The end of the batch phase of a fed-batch culture is often indicated by a DO-spike. At this point, the carbon source within the initial culture medium is consumed, the metabolic activity of the culture and, therefore, its oxygen demand drop rapidly, resulting in a sharp increase of DO in the medium. We took advantage of this DO-spike to trigger an automatic start of the feed pump using an automatic programming script. The details are described in the Eppendorf Application Note 439 [3].

Automatic RQ control by programmed feeding

As stated before, the RQ value can serve as an indicator for which substrate is used by the culture. We implemented a software script which starts automatically after inoculation [3]. After a delay time of 12 h, the RQ value of 1 is used to start the feeding pump, and further feeding is automatically controlled based on the RQ value.

Results


We ran P. pastoris fed-batch fermentation two times. In one setup, the feed was started automatically by a script which was triggered by a DO-spike. In the other setup, we implemented a constant RQ-controlled feeding strategy.

The DO-spike based feeding was started once the value of dissolved oxygen raised from 30 % to above 38 % which was the case after 39 h inoculation time [3]. The RQ-controlled feeding was started after a delay time of 12 h. The RQ is controlled towards a value of 1 by turning the feed pump on and off.

After an inoculation time of 36 h, the RQ starts dropping sharply (Fig. 1). When it hits 1, the pump starts feeding glucose. During the duration of the feed, the RQ oscillates between 0.9 and 1.1.

This is caused by a delay in measurement of the exhaust gas components, as the bioreactor’s exhaust gas needs to pass the additional tubing between the reactor and the GA4 before being measured. This can be further minimized by optimization of the controller’s PID settings.
Fig. 1: Fermentation graphs of the flow of the feed pump (blue) and the respiratory quotient (brown) during P. pastoris fermentation with RQ-controlled feeding
During the batch phase, before feed start, the culture’s growth in both settings was comparable (Fig. 2).

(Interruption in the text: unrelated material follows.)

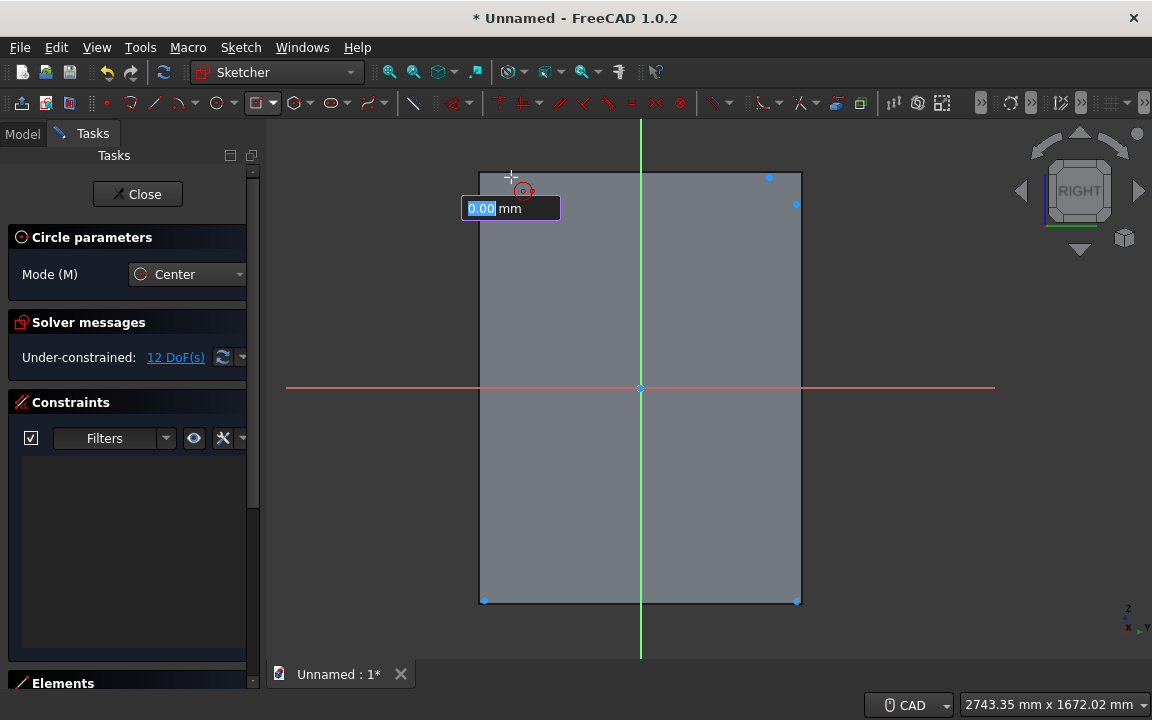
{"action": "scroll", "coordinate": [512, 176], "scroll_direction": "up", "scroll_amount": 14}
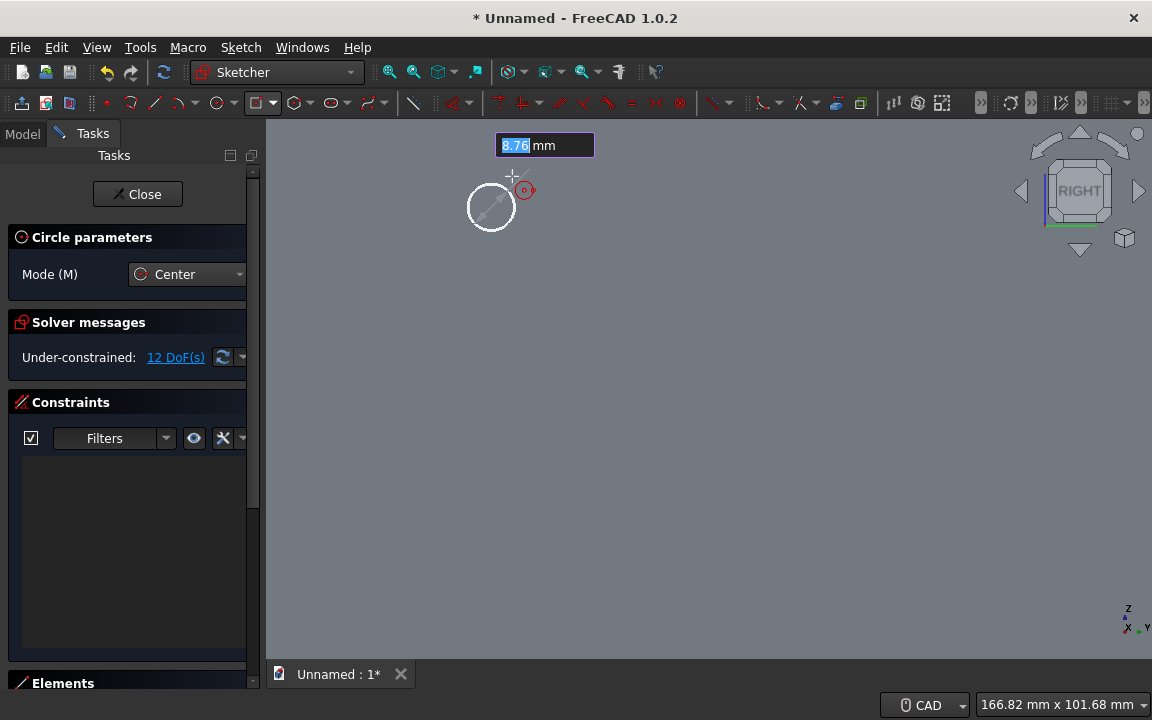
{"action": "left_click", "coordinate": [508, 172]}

After the batch growth phase of the culture, the RQ-controlled feeding resulted in a much earlier exponential growth than the DO-spike triggered feeding. After 56 h, the DO-spike based fed-batch culture reached an OD600 of 245, while the RQ-controlled culture reached an OD600 of 280. The RQ-controlled culture reached an OD600 above 200 at an earlier time point during fermentation than the DO-controlled culture.
Fig. 2: Growth curves of P. pastoris with RQ-controlled feed and DO-spike based feed
Conclusion

We demonstrated the implementation of a constant RQ-controlled feeding strategy using DASware® Control 5 and a DASbox fermentation system. If the culture’s growth profile and biomass accumulation is an indication of a successful fermentation, it can be concluded that the feeding based on constant RQ has multiple benefits. We observed an OD600 of 200 much earlier with the RQ-based feeding strategy compared to the DO-spike triggered feeding strategy.

This can be explained by insufficient feeding in the DO-spike triggered setup. The feed steps would need to be adapted, which is not the case for the RQ-based feeding. In the latter case, the feeding optimization is automatically self-achieved as the culture creates its own demand for feeding based on the drop of RQ value.

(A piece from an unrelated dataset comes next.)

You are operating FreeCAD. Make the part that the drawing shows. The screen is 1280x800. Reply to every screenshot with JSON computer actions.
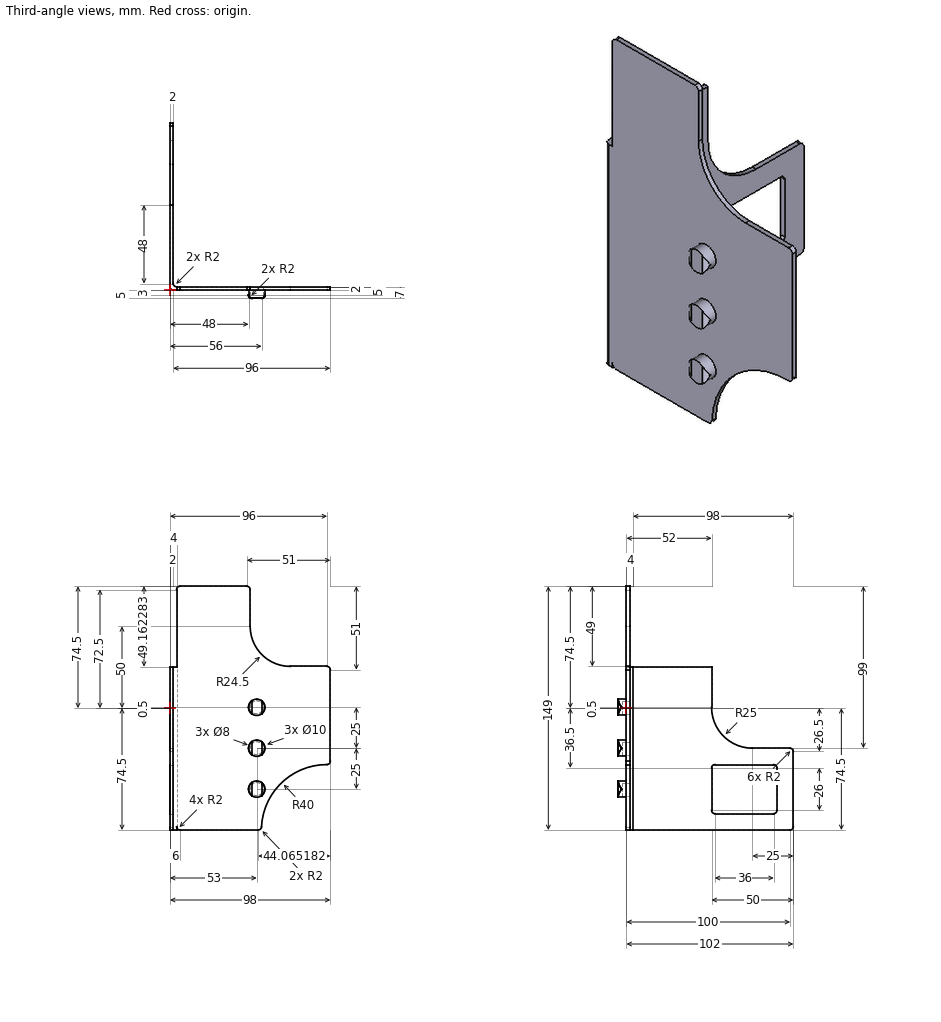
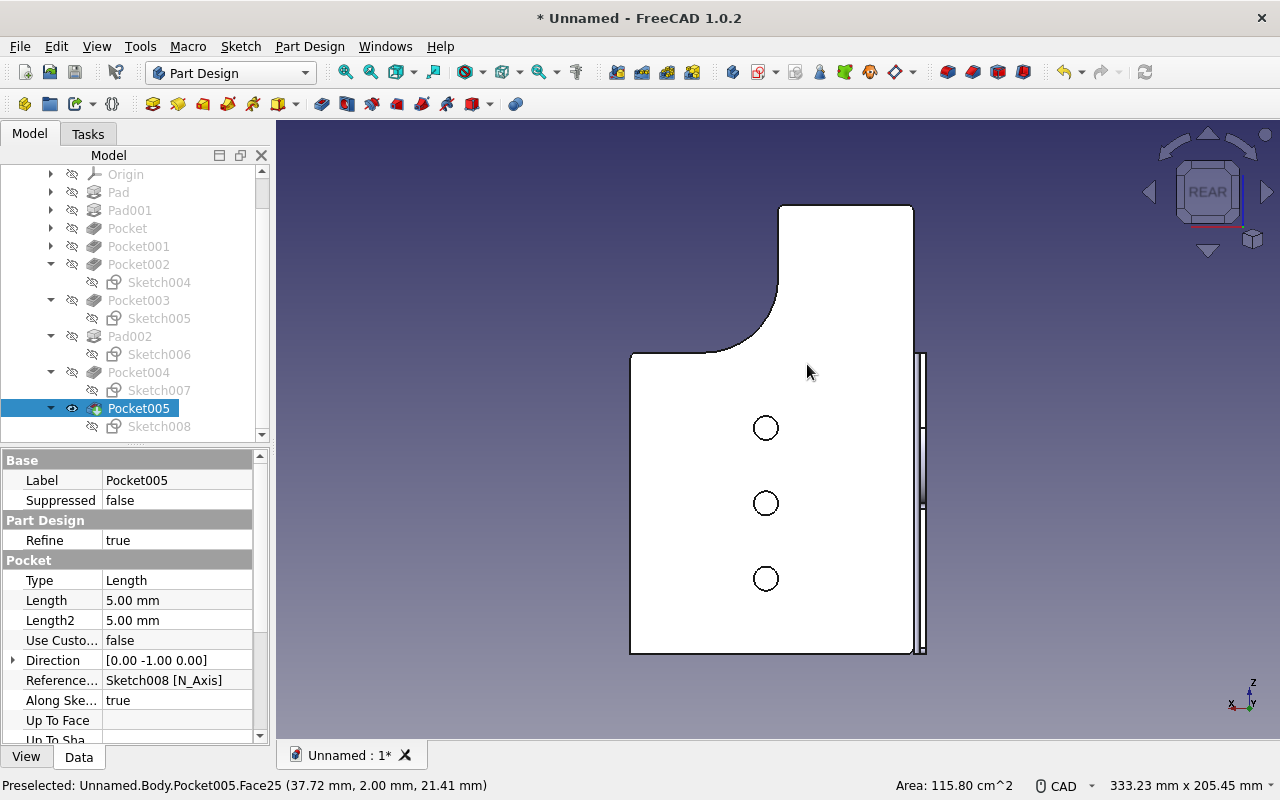
{"action": "left_click", "coordinate": [758, 72]}

This will save additional experiments and therefore material costs, labor costs, system occupancy, and time.

Literature

[1] Xiong Z. Q., Guo M. J., Guo Y. X., Chu J., Zhuang Y. P., Wang N. S., & Zhang S. L. (2010). Enzyme and Microbial Technology, 46(7), 598–602. https://doi.org/10.1016/j.enzmictec.2010.03.003

[2] Clarke K. G. (2013). 8 - (K. G. B. T. - B. E. Clarke Ed.; pp. 147–170). Woodhead Publishing. https://doi.org/10.1533/9781782421689.147

[3] Schrand N., Schneider M., Sha M. (2021) Eppendorf Application Note 439.

Note: Eppendorf SE reserves the right to modify its products and services at any time. This Application Note is subject to change without notice. Although prepared to ensure accuracy, Eppendorf SE assumes no liability for errors, or for any damages resulting from the application or use of this information. Viewing Application Notes alone cannot as such provide for or replace reading and respecting the current version of the operating manual.